Exercise prompt: Please transcribe the entries below without omitting a single character.

Records shown:

• • •

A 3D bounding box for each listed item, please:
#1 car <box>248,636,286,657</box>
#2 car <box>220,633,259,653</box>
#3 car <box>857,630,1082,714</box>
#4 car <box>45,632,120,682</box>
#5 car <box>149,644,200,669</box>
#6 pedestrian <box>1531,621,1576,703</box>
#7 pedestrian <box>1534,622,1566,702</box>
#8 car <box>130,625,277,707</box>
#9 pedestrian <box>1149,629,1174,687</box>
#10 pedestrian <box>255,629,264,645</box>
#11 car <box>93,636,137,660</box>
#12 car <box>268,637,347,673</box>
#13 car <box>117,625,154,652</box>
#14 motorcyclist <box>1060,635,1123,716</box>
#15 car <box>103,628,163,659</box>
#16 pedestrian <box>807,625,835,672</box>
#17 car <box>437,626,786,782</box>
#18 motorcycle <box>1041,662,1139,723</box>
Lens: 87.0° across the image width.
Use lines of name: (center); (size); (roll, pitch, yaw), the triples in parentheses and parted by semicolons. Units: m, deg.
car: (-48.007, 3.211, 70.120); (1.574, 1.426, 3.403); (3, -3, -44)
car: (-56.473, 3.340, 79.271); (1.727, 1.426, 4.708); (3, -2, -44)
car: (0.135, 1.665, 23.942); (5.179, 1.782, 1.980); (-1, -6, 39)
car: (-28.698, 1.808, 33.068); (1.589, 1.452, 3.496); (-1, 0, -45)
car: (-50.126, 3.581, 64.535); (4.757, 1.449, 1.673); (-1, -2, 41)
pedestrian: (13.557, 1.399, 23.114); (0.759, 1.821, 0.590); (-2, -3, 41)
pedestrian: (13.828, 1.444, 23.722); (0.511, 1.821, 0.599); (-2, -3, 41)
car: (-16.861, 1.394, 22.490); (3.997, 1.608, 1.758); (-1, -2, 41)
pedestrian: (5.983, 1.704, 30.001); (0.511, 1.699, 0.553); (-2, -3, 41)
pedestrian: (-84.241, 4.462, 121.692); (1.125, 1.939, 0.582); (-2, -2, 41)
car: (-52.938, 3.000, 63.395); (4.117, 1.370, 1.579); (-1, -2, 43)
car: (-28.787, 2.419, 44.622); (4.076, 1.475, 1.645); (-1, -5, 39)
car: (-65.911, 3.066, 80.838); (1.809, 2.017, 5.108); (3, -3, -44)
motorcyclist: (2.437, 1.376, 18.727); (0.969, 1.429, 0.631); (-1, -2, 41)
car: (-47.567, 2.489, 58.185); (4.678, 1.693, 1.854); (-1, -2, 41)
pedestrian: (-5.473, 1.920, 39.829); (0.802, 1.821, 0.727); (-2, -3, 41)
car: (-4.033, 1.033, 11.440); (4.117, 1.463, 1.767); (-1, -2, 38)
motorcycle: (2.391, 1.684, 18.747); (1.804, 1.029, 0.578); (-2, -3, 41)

• • •

Task response:
A 3D bounding box for each listed item, please:
#1 car <box>248,636,286,657</box>
#2 car <box>220,633,259,653</box>
#3 car <box>857,630,1082,714</box>
#4 car <box>45,632,120,682</box>
#5 car <box>149,644,200,669</box>
#6 pedestrian <box>1531,621,1576,703</box>
#7 pedestrian <box>1534,622,1566,702</box>
#8 car <box>130,625,277,707</box>
#9 pedestrian <box>1149,629,1174,687</box>
#10 pedestrian <box>255,629,264,645</box>
#11 car <box>93,636,137,660</box>
#12 car <box>268,637,347,673</box>
#13 car <box>117,625,154,652</box>
#14 motorcyclist <box>1060,635,1123,716</box>
#15 car <box>103,628,163,659</box>
#16 pedestrian <box>807,625,835,672</box>
#17 car <box>437,626,786,782</box>
#18 motorcycle <box>1041,662,1139,723</box>
Lens: 87.0° across the image width.
Use lines of name: (center); (size); (roll, pitch, yaw), the triples in parentheses and parted by semicolons. Units: m, deg.
car: (-48.007, 3.211, 70.120); (1.574, 1.426, 3.403); (3, -3, -44)
car: (-56.473, 3.340, 79.271); (1.727, 1.426, 4.708); (3, -2, -44)
car: (0.135, 1.665, 23.942); (5.179, 1.782, 1.980); (-1, -6, 39)
car: (-28.698, 1.808, 33.068); (1.589, 1.452, 3.496); (-1, 0, -45)
car: (-50.126, 3.581, 64.535); (4.757, 1.449, 1.673); (-1, -2, 41)
pedestrian: (13.557, 1.399, 23.114); (0.759, 1.821, 0.590); (-2, -3, 41)
pedestrian: (13.828, 1.444, 23.722); (0.511, 1.821, 0.599); (-2, -3, 41)
car: (-16.861, 1.394, 22.490); (3.997, 1.608, 1.758); (-1, -2, 41)
pedestrian: (5.983, 1.704, 30.001); (0.511, 1.699, 0.553); (-2, -3, 41)
pedestrian: (-84.241, 4.462, 121.692); (1.125, 1.939, 0.582); (-2, -2, 41)
car: (-52.938, 3.000, 63.395); (4.117, 1.370, 1.579); (-1, -2, 43)
car: (-28.787, 2.419, 44.622); (4.076, 1.475, 1.645); (-1, -5, 39)
car: (-65.911, 3.066, 80.838); (1.809, 2.017, 5.108); (3, -3, -44)
motorcyclist: (2.437, 1.376, 18.727); (0.969, 1.429, 0.631); (-1, -2, 41)
car: (-47.567, 2.489, 58.185); (4.678, 1.693, 1.854); (-1, -2, 41)
pedestrian: (-5.473, 1.920, 39.829); (0.802, 1.821, 0.727); (-2, -3, 41)
car: (-4.033, 1.033, 11.440); (4.117, 1.463, 1.767); (-1, -2, 38)
motorcycle: (2.391, 1.684, 18.747); (1.804, 1.029, 0.578); (-2, -3, 41)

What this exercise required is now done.